Cecilia Sala è stata liberata e ieri è tornata a Roma a casa sua. Tutto è successo molto velocemente, dopo appena tre giorni dal viaggio lampo della premier Giorgia Meloni in quel di Mar-a-Lago, quartier generale del prossimo presidente degli Stati Uniti Donald Trump, ieri mattina la notizia:
È in volo l’aereo che riporta a casa Cecilia Sala da Teheran.

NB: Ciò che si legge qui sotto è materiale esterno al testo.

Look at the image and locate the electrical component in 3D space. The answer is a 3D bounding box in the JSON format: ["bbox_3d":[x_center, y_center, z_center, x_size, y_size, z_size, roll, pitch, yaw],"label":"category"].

Grazie a un intenso lavoro sui canali diplomatici e di intelligence, la nostra connazionale è stata rilasciata dalle autorità iraniane e sta rientrando in Italia. Ho informato personalmente i genitori della giornalista…— Giorgia Meloni (@GiorgiaMeloni) January 8, 2025
L’affaire della giornalista italiana rinchiusa nel carcere di Evrin, a nord di Teheran, una prigione riservata soprattutto a dissidenti, giornalisti, attivisti e membri di minoranze etniche e religiose, era iniziata lo scorso 19 dicembre. Accusata da Teheran di nebulose «violazioni della legge islamica», la cattura della Sala era apparsa fin da subito legata a doppio filo con il fermo in Italia dell’ingegnere svizzero-iraniano Mohammad Abedini, arrestato a Milano su mandato degli Stati Uniti che ne chiedono l’estradizione in quanto sarebbe affiliato ai pasdaran di Teheran, coinvolto nel traffico di tecnologie indispensabili per il controllo dei droni.

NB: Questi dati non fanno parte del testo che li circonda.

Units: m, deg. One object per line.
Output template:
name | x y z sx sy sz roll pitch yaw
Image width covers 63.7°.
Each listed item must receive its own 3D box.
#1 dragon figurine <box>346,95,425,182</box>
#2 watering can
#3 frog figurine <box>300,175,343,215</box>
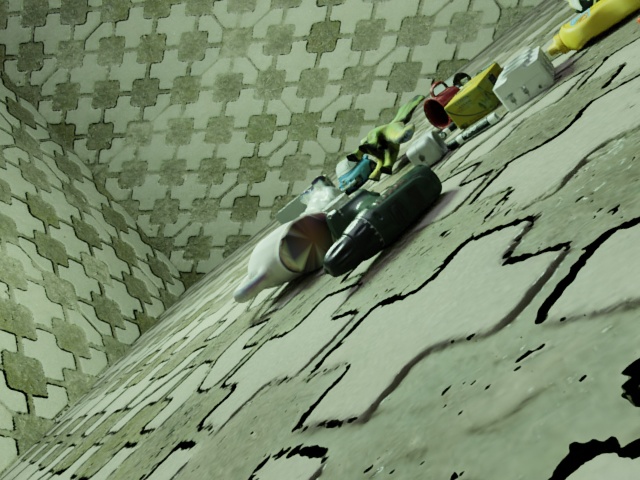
dragon figurine | 0.195 -0.293 1.347 0.246 0.121 0.407 -59 13 -19
watering can | -0.045 0.003 1.070 0.221 0.103 0.354 -29 14 50
frog figurine | 0.004 -0.069 1.369 0.136 0.121 0.163 -27 49 30
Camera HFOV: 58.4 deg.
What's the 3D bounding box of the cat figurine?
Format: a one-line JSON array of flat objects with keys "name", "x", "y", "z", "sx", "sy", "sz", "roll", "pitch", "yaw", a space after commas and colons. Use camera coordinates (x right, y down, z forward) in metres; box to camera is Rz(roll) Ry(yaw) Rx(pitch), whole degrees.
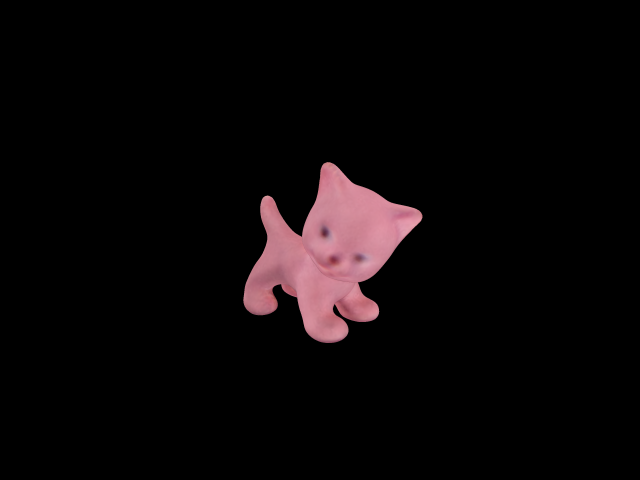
[{"name": "cat figurine", "x": 0.004, "y": 0.001, "z": 0.400, "sx": 0.127, "sy": 0.118, "sz": 0.067, "roll": 14, "pitch": 22, "yaw": 38}]

La liberazione, inattesa, ieri mattina. A prelevare Cecilia Sala, non a caso, è andato Giovanni Caravelli, direttore dell’Aise, i nostri servizi di intelligence esteri, a bordo del Falcon 900 in dotazione alla Compagnia aeronautica italiana che fa capo ai servizi. Questo è il primo elemento da valutare per capire chi ha giocato ruoli determinanti nel risultato dell’operazione.
La liberazione di Sala, che deve essersi svolta in una triangolazione Italia-Iran-Stati Uniti, ha visto innanzitutto un ruolo fondamentale dei nostri servizi (coordinati dal sottosegretario Alfredo Mantovano), in quei tavoli «informali» in cui si negoziano appunto questo tipo di faccende, e in cui i nostri sono stati bravi nel trovare le chiavi giuste, insieme agli omologhi iraniani, per offrire alla politica la via d’uscita. Questi passaggi, ovviamente, sono ad oggi «segreti».

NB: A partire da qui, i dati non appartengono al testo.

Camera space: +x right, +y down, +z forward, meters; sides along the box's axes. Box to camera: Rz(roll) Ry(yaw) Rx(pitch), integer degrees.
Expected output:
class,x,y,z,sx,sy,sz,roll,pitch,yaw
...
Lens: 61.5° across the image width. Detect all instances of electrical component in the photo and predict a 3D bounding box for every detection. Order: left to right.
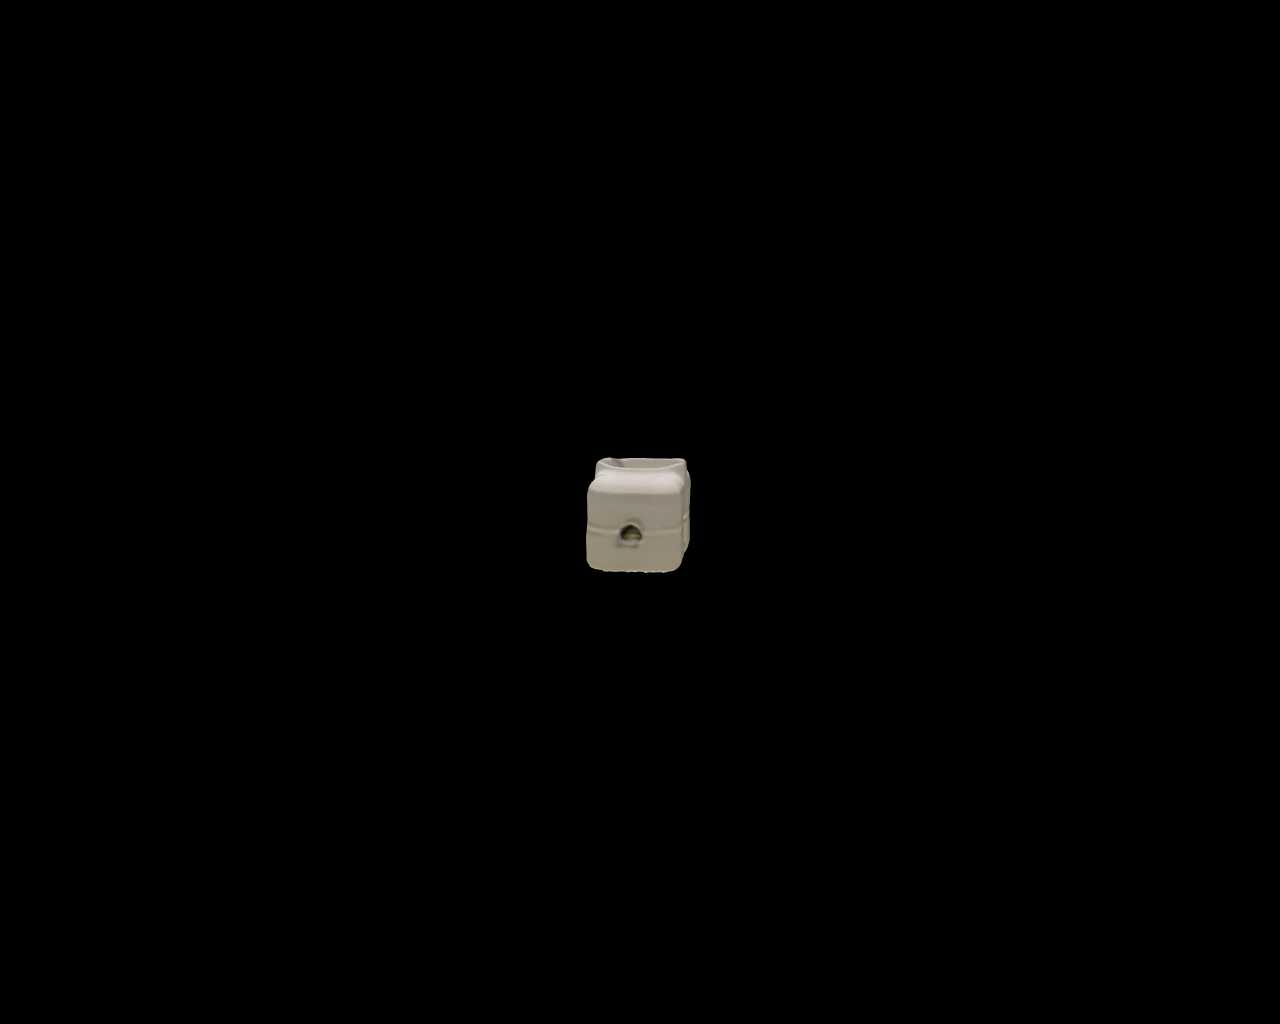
class,x,y,z,sx,sy,sz,roll,pitch,yaw
electrical component,0.001,-0.003,0.650,0.054,0.059,0.095,1,9,7

Ma l’altra figura determinante, lo riconoscono unanimi anche quelle opposizioni che fino a poche ore fa sbertucciavano il suo viaggio a Mar-a-Lago a vario titolo, è stata quella della premier Giorgia Meloni. Nel viaggio lampo negli Usa per incontrare Trump, come ha scritto il New York Times, la premier italiana ha «premuto aggressivamente» per la liberazione di Cecilia Sala. In che termini non si sa, ma certamente, come anche noi avevamo rilevato, saranno state trovate le modalità giuste per forzare un po’ la mano nei rapporti di “buon vicinato” con Washington.
Ora resta da capire, per inquadrare meglio tutta la faccenda, la sorte dell’ingegnere svizzero-iraniano Abedini. Ieri erano circolate voce di una sua imminente liberazione e rimpatrio in Iran, voci attribuite vicine al prossimo segretario di stato americano Rubio, ma finora senza esito.
Di certo c’è il successo indiscusso del lavoro coordinato di intelligence e di Palazzo Chigi, con un ruolo chiave della premier Meloni e del sottosegretario Alfredo Mantovano. Aver riportato a casa Cecilia Sala è un fatto contro cui, dicevano i latini, non valet argumentum.